> _Work task_
Search each line below for the word "Ensure" and list those that contain it.

> _Extracted records_
——

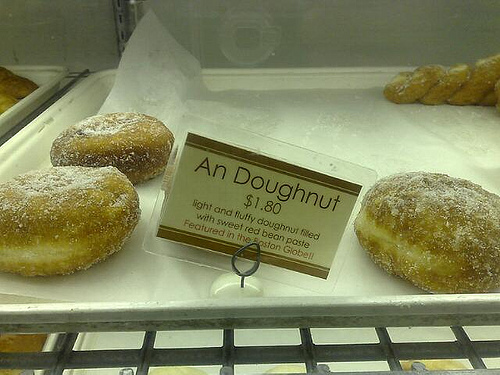Identify the text displayed in this image. An Doughnut 80 fluffy filled $I Globe the in with sw wish sweet, red beon paste doughnut and light 
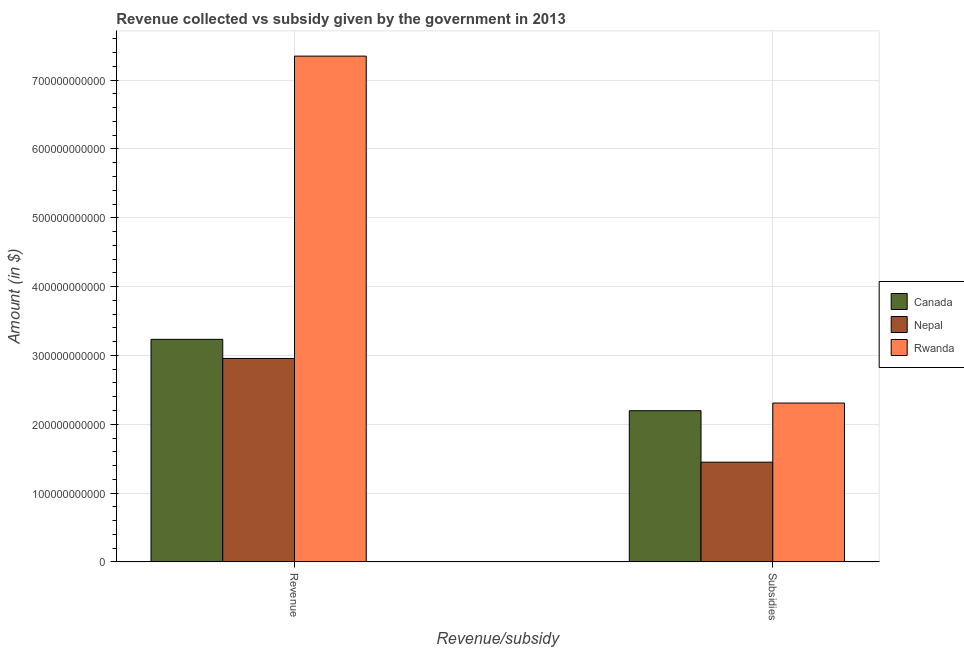How many groups of bars are there?
Your answer should be very brief. 2. How many bars are there on the 1st tick from the left?
Your response must be concise. 3. What is the label of the 2nd group of bars from the left?
Your answer should be very brief. Subsidies. What is the amount of subsidies given in Canada?
Keep it short and to the point. 2.20e+11. Across all countries, what is the maximum amount of revenue collected?
Offer a terse response. 7.35e+11. Across all countries, what is the minimum amount of revenue collected?
Your answer should be compact. 2.96e+11. In which country was the amount of revenue collected maximum?
Your answer should be compact. Rwanda. In which country was the amount of subsidies given minimum?
Keep it short and to the point. Nepal. What is the total amount of subsidies given in the graph?
Offer a very short reply. 5.95e+11. What is the difference between the amount of subsidies given in Canada and that in Rwanda?
Ensure brevity in your answer.  -1.11e+1. What is the difference between the amount of subsidies given in Nepal and the amount of revenue collected in Rwanda?
Give a very brief answer. -5.90e+11. What is the average amount of revenue collected per country?
Your answer should be very brief. 4.51e+11. What is the difference between the amount of subsidies given and amount of revenue collected in Canada?
Offer a very short reply. -1.04e+11. In how many countries, is the amount of revenue collected greater than 20000000000 $?
Give a very brief answer. 3. What is the ratio of the amount of revenue collected in Nepal to that in Rwanda?
Provide a short and direct response. 0.4. Is the amount of revenue collected in Rwanda less than that in Nepal?
Your response must be concise. No. In how many countries, is the amount of subsidies given greater than the average amount of subsidies given taken over all countries?
Provide a short and direct response. 2. What does the 1st bar from the left in Subsidies represents?
Ensure brevity in your answer.  Canada. Are all the bars in the graph horizontal?
Offer a very short reply. No. What is the difference between two consecutive major ticks on the Y-axis?
Keep it short and to the point. 1.00e+11. Does the graph contain grids?
Give a very brief answer. Yes. How many legend labels are there?
Give a very brief answer. 3. What is the title of the graph?
Keep it short and to the point. Revenue collected vs subsidy given by the government in 2013. What is the label or title of the X-axis?
Offer a terse response. Revenue/subsidy. What is the label or title of the Y-axis?
Keep it short and to the point. Amount (in $). What is the Amount (in $) in Canada in Revenue?
Make the answer very short. 3.23e+11. What is the Amount (in $) in Nepal in Revenue?
Provide a succinct answer. 2.96e+11. What is the Amount (in $) in Rwanda in Revenue?
Your answer should be very brief. 7.35e+11. What is the Amount (in $) of Canada in Subsidies?
Keep it short and to the point. 2.20e+11. What is the Amount (in $) in Nepal in Subsidies?
Keep it short and to the point. 1.45e+11. What is the Amount (in $) in Rwanda in Subsidies?
Your answer should be compact. 2.31e+11. Across all Revenue/subsidy, what is the maximum Amount (in $) of Canada?
Give a very brief answer. 3.23e+11. Across all Revenue/subsidy, what is the maximum Amount (in $) in Nepal?
Ensure brevity in your answer.  2.96e+11. Across all Revenue/subsidy, what is the maximum Amount (in $) of Rwanda?
Give a very brief answer. 7.35e+11. Across all Revenue/subsidy, what is the minimum Amount (in $) in Canada?
Your answer should be compact. 2.20e+11. Across all Revenue/subsidy, what is the minimum Amount (in $) of Nepal?
Your answer should be compact. 1.45e+11. Across all Revenue/subsidy, what is the minimum Amount (in $) of Rwanda?
Keep it short and to the point. 2.31e+11. What is the total Amount (in $) in Canada in the graph?
Offer a very short reply. 5.43e+11. What is the total Amount (in $) in Nepal in the graph?
Your response must be concise. 4.40e+11. What is the total Amount (in $) in Rwanda in the graph?
Keep it short and to the point. 9.66e+11. What is the difference between the Amount (in $) of Canada in Revenue and that in Subsidies?
Your response must be concise. 1.04e+11. What is the difference between the Amount (in $) of Nepal in Revenue and that in Subsidies?
Keep it short and to the point. 1.51e+11. What is the difference between the Amount (in $) of Rwanda in Revenue and that in Subsidies?
Your answer should be very brief. 5.04e+11. What is the difference between the Amount (in $) in Canada in Revenue and the Amount (in $) in Nepal in Subsidies?
Your answer should be compact. 1.79e+11. What is the difference between the Amount (in $) in Canada in Revenue and the Amount (in $) in Rwanda in Subsidies?
Offer a terse response. 9.26e+1. What is the difference between the Amount (in $) in Nepal in Revenue and the Amount (in $) in Rwanda in Subsidies?
Your answer should be compact. 6.48e+1. What is the average Amount (in $) in Canada per Revenue/subsidy?
Offer a very short reply. 2.72e+11. What is the average Amount (in $) of Nepal per Revenue/subsidy?
Your response must be concise. 2.20e+11. What is the average Amount (in $) in Rwanda per Revenue/subsidy?
Your response must be concise. 4.83e+11. What is the difference between the Amount (in $) of Canada and Amount (in $) of Nepal in Revenue?
Ensure brevity in your answer.  2.78e+1. What is the difference between the Amount (in $) in Canada and Amount (in $) in Rwanda in Revenue?
Provide a succinct answer. -4.12e+11. What is the difference between the Amount (in $) in Nepal and Amount (in $) in Rwanda in Revenue?
Provide a short and direct response. -4.39e+11. What is the difference between the Amount (in $) of Canada and Amount (in $) of Nepal in Subsidies?
Provide a succinct answer. 7.48e+1. What is the difference between the Amount (in $) in Canada and Amount (in $) in Rwanda in Subsidies?
Offer a terse response. -1.11e+1. What is the difference between the Amount (in $) in Nepal and Amount (in $) in Rwanda in Subsidies?
Your answer should be compact. -8.59e+1. What is the ratio of the Amount (in $) in Canada in Revenue to that in Subsidies?
Give a very brief answer. 1.47. What is the ratio of the Amount (in $) in Nepal in Revenue to that in Subsidies?
Give a very brief answer. 2.04. What is the ratio of the Amount (in $) of Rwanda in Revenue to that in Subsidies?
Provide a succinct answer. 3.18. What is the difference between the highest and the second highest Amount (in $) of Canada?
Make the answer very short. 1.04e+11. What is the difference between the highest and the second highest Amount (in $) of Nepal?
Your answer should be very brief. 1.51e+11. What is the difference between the highest and the second highest Amount (in $) of Rwanda?
Your answer should be compact. 5.04e+11. What is the difference between the highest and the lowest Amount (in $) of Canada?
Your answer should be compact. 1.04e+11. What is the difference between the highest and the lowest Amount (in $) in Nepal?
Your answer should be very brief. 1.51e+11. What is the difference between the highest and the lowest Amount (in $) in Rwanda?
Your answer should be very brief. 5.04e+11.

——

> _Result of the exercise_
Ensure brevity in your answer.  -1.11e+1. What is the difference between the amount of subsidies given in Nepal and the amount of revenue collected in Rwanda?
Ensure brevity in your answer.  Canada. Are all the bars in the graph horizontal?
Ensure brevity in your answer.  2.96e+11. Across all Revenue/subsidy, what is the maximum Amount (in $) of Rwanda?
Ensure brevity in your answer.  2.78e+1. What is the difference between the Amount (in $) in Canada and Amount (in $) in Rwanda in Revenue?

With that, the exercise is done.